Стоило прозвучать имени доктора, как фон Хельрунг рухнул в кресло с громким криком:
– Пеллинор! Пеллинор, прости меня. Кровь твоя на моих руках!
– Мы не знаем, правда ли он умер, – вмешался я. – Аркрайт мог и про это соврать.
– Он мог сказать так лишь по одной причине – потому что это правда!
– Вы сами говорили, доктор фон Хельрунг, – парировал я, – что надежда не менее практична, чем отчаяние. Я думаю, он жив.
– Надеешься, что он жив.
– Ну, он вполне может быть жив, – вставил Торранс. – Так что я за Уилла. И думать не хочу о мире, где нет Пеллинора Уортропа, – это было бы чертовски менее интересное место.
Он встал – на что, казалось, ушло довольно много времени: в Торрансе было заметно больше шести футов роста[57] – и потянулся, широко раскинув могучие руки.
– Ну, я намерен поискать чего-нибудь съедобного. Вы же, я так понимаю, отослали Франсуа домой на вечер?
– Ja, и остальных, – ответил фон Хельрунг и горько добавил: – Свидетели нам не нужны, так ведь?
– Кстати, о свидетелях: думаю, я буду держаться за сценой, пока не настанет мой выход. Не хочу, чтобы крысеныш что-то заподозрил. Ужасно жаль – я имею в виду, насчет Франсуа! Лучше блинчиков, чем печет этот парень, я в жизни не пробовал.
– Уилл, прости меня, – сказал фон Хельрунг после того, как Торранс ушел. – Если бы только я тебя послушал…

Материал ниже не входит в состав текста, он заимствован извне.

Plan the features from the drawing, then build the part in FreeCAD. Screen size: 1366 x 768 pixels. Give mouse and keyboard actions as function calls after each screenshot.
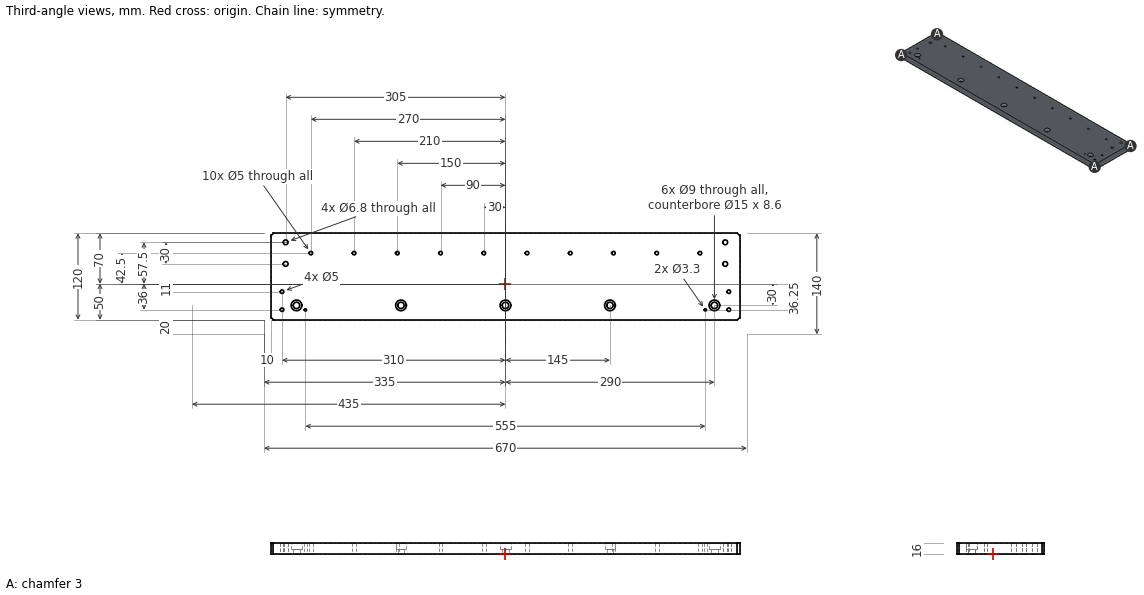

Звонок в дверь прервал его. Он прикрыл глаза и глубоко вздохнул, чтобы успокоить нервы.
– Дичь прибыла, – сообщил он. – Время собрать все наше мужество, мастер Генри. Что там у меня с лицом, сгодится? Только бы муха не разоблачила во мне паука!
Он посмотрел на себя в зеркало у входной двери, одернул жилет и обеими руками пригладил волосы. Краем глаза он заметил, что я выглядываю в прихожую.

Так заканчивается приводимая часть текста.